Purpose: To report the hemostatic effects of palliative radiation therapy (RT) for the prevention of blood transfusions (BT) in patients with advanced gastric cancer (AGC). Methods and Materials: Twenty-eight patients who received palliative three-dimensional conformal RT for hemostasis of gastric bleeding were retrospectively assessed in a study conducted in Japan. The median follow-up was 143.5 days. Changes in hemoglobin (Hb) levels were compared at the beginning of RT and four weeks later. Blood transfusion-free survival (BTFS) and overall survival (OS) were measured from the beginning of RT. Treatment toxicity was evaluated within 60 days of RT initiation.
Results: No statistically significant decrease in Hb level was observed four weeks after RT. Twenty-eight patients did not receive BT within a month after RT, of whom three died within a month; 6/28 patients (21%) received BT at a median interval of 99.5 days following RT. The one-year BTFS and OS rates for all patients were 69% and 12%, respectively. The one-year BTFS was statistically significantly higher in 17 patients treated with a biologically effective dose (BED)10 of 39 Gy (30 Gy in 10 fractions) (78%) compared with six patients treated with a BED10 of 48 Gy (40 Gy in 20 fractions) (25%). Grade 1 and 2 nausea (n = 11) and a Grade 2 increase in alanine aminotransferase (n = 1) were observed. One patient died of Grade 5 hemorrhage. Conclusions: Palliative RT is an effective treatment to prevent BT for bleeding occurring within AGC. Specifically, a fractionation regimen of 30 Gy in 10 fractions (a BED10 of 39 Gy) has a more durable hemostatic effect and thus should be considered for better prognosis. © Norio Mitsuhashi et al., 2021; Published by Mary Ann Liebert, Inc.

Introduction

Gastric cancer was the third-most commonly occurring cancer in Japan (males, n = 72,617; females, n = 37,077) and the second leading cause of death for males and the third leading cause of death for females in 2019.[1] The five-year survival rates for advanced gastric cancer (AGC) in 2019 were ∼50% for stage IIIA disease, 30% for stage IIIB disease, and 15% for stage IV disease.[1] Local symptoms of AGC include pain, obstruction, and bleeding. The resulting anemia may cause fatigue and weakness. Repeated blood transfusions (BT) may be needed to maintain quality of life.

There are several treatment options for hemostasis, including surgical resection, endoscopic intervention, intravascular embolization, and radiation therapy (RT).[2,3] RT is considered effective for achieving hemostasis following bleeding from AGC as it reduces the tumor burden while relieving symptoms.
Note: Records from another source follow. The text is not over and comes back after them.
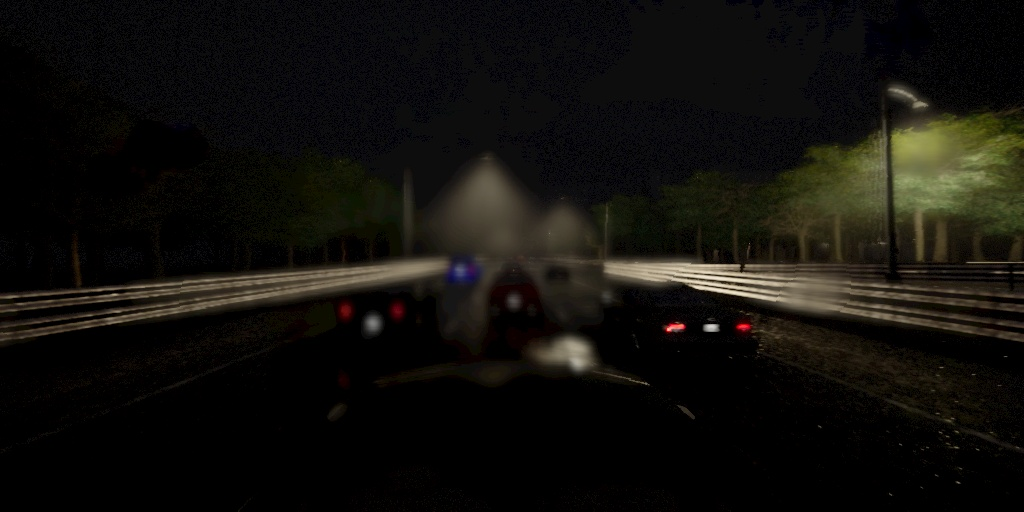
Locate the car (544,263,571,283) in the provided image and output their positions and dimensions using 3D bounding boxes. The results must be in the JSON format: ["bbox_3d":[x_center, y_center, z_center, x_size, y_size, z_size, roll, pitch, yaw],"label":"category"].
[{"bbox_3d":[3.588,1.342,29.131,1.882,1.535,5.008,0,0,0],"label":"car"}]

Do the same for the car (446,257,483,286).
[{"bbox_3d":[-3.429,1.087,26.520,2.150,2.045,5.566,0,0,1],"label":"car"}]

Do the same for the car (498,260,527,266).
[{"bbox_3d":[0.087,1.343,29.166,1.882,1.535,5.008,0,0,0],"label":"car"}]

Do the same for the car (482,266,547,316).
[{"bbox_3d":[0.079,1.293,13.763,1.882,1.535,5.008,0,-1,0],"label":"car"}]

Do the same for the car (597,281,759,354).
[{"bbox_3d":[3.546,1.336,8.856,2.033,1.411,5.357,0,0,1],"label":"car"}]

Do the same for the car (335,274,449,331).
[{"bbox_3d":[-3.435,1.402,11.129,1.895,1.301,4.718,0,0,0],"label":"car"}]
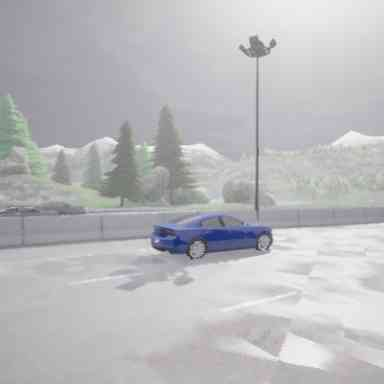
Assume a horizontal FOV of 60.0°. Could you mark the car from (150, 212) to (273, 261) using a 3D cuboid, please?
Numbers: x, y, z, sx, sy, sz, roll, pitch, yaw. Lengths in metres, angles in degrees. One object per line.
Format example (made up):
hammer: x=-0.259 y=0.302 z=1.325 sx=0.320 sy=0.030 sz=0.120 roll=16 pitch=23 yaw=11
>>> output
car: x=0.882 y=1.514 z=12.544 sx=5.008 sy=1.535 sz=1.882 roll=0 pitch=0 yaw=-33

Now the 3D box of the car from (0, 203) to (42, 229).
car: x=-12.281 y=1.487 z=20.866 sx=4.902 sy=1.511 sz=2.128 roll=0 pitch=0 yaw=-34

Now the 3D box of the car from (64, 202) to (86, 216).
car: x=-12.246 y=1.566 z=29.295 sx=5.357 sy=1.411 sz=2.033 roll=0 pitch=0 yaw=-33

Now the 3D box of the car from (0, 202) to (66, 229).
car: x=-9.886 y=1.492 z=18.278 sx=4.902 sy=1.511 sz=2.128 roll=0 pitch=0 yaw=-34

Few studies have evaluated the hemostatic effects of palliative RT on bleeding from AGC.[4-12] Kosugi et al. performed a national survey on the hemostatic effect of RT on bleeding from gastrointestinal and bladder cancer, reporting that hemostatic irradiation was rarely used and that optimal fractionation regimens remain unclear.[4] This study aimed to report the role of RT in bleeding from AGC within our institutional experience.

Materials and Methods

Patients

We conducted a retrospective analysis of patients with AGC. Patients were recruited from our institutional cohort database (October 2015–June 2020) to report the hemostatic effects of palliative RT on gastric bleeding. Twenty-eight patients received palliative RT for hemostasis. Three patients with a previous partial gastrectomy for peptic ulcer disease or early gastric cancer were included in this study. All patients provided written informed consent for RT. As this study was a retrospective analysis of clinical outcomes, the institutional review board needed to be notified about the study, but approval for the study was not required.

This study enrolled 21 men and seven women (Table 1). The median age was 80 years (range 63–91); 43% of patients had poor performance status (3 or 4). The T stages were T1 (n = 1), T2 (n = 3), T3 (n = 8), and T4 (n = 16). A patient with T1 disease was classified as stage IV because para-aortic lymph node metastases (No. 16) were observed despite the early primary lesion; 15/28 patients had stage IV disease. Cancer originating from the gastric body was the most common cancer type (39%). All patients had been pathologically diagnosed with adenocarcinoma of the stomach. Eight had poorly differentiated adenocarcinoma.

Table 1.

Demographic, Tumor, and Treatment Characteristics

Variable	No. of patients (GSC)	%
Gender
Male	21 (3)	75
Female	7	25
ECOG PS
1	10 (2)	36
2	6 (1)	21
3	9	32
4	3	11
T stage
T1	1	4
T2	3	11
T3	8 (1)	28
T4	16 (2)	57
N stage
N0	9 (2)	32
N1	5 (1)	18
N2	6	21
N3	8	29
Clinical stage
II	8 (2)	29
III	5 (1)	18
IV	15	53
Pathological differentiation
Moderate well differentiated adenocarcinoma	20 (3)	71
Poorly differentiated adenocarcinoma	8	29
Tumor location
Cardia	4	14
Fundus	3 (1)	11
Body	11 (2)	39
Angular portion	4	14
Antrum	5	18
Pylorus	1	4
Blood transfusion
Before RT	22 (1)	79
During RT[a]	10	36
After RT	8	29
None	5 (2)	18
Chemotherapy
Before RT	15 (1)	54
During RT	3	11
After RT	4	14
None	12 (2)	43

Blood transfusion scheduled before the start of RT.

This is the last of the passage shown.